Right-wing authoritarians want society and social interactions structured in ways that increase uniformity and minimize diversity. In order to achieve that, they tend to be in favour of social control, coercion, and the use of group authority to place constraints on the behaviours of people such as political dissidents, intellectuals and ethnic minorities. These constraints might include restrictions on immigration, limits on free speech and association and laws regulating moral behaviour. It is the willingness to take actions that lead to increased social uniformity that makes right-wing authoritarianism more than just a personal dislike of difference.

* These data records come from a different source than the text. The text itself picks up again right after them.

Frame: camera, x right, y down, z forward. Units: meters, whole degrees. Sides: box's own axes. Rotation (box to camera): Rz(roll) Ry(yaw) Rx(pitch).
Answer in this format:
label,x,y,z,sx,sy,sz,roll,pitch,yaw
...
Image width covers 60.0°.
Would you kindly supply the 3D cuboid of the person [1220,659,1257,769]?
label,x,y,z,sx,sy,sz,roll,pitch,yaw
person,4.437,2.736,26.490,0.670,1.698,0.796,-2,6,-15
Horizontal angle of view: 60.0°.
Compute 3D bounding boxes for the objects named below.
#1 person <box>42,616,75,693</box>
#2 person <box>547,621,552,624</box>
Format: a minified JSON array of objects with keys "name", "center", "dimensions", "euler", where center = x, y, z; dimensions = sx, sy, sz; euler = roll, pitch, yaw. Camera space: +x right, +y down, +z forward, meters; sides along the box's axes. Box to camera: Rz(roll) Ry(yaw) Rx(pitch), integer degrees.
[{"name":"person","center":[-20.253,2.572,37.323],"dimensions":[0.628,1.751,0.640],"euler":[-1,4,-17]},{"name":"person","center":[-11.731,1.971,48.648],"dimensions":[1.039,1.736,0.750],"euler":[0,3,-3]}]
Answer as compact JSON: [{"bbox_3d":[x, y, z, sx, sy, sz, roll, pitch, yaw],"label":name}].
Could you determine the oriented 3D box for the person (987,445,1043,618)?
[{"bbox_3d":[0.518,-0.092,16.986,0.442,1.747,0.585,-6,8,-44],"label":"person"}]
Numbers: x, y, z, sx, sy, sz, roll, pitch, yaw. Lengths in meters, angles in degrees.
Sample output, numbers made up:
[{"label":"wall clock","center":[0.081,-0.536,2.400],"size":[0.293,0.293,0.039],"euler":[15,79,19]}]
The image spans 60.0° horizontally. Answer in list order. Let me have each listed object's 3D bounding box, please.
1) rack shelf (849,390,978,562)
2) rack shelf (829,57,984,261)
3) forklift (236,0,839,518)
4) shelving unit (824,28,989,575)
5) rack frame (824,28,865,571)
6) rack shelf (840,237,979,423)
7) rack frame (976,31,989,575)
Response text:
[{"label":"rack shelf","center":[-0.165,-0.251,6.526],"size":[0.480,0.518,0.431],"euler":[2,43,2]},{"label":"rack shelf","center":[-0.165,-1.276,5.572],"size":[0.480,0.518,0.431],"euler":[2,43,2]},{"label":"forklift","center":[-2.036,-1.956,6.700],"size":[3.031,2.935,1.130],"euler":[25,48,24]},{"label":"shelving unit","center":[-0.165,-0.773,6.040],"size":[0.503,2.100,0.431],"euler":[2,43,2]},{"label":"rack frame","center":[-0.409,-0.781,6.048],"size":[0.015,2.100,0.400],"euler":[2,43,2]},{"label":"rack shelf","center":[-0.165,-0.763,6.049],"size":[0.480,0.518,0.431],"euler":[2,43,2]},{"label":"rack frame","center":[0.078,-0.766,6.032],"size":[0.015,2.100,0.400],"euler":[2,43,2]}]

Right-wing authoritarianism is characterized by obedience to authority, moral absolutism, racial and ethnic prejudice, and intolerance and punitiveness towards those who express difference, either through race, skin colour, language or ideas. In parenting, right-wing authoritarians value children’s obedience, neatness, and good manners.

You can find a thorough exploration of the emergence or more accurately ‘activation’ of the Authoritarian trend in the US, here, together with figures that illustrate its prominence among those who voted for Trump.

Authoritarians prioritize social order and hierarchies, which bring a sense of control to a chaotic world. Challenges to that order — diversity, influx of outsiders, breakdown of the old order — are experienced as personally threatening because they risk upending the status quo order they equate with basic security.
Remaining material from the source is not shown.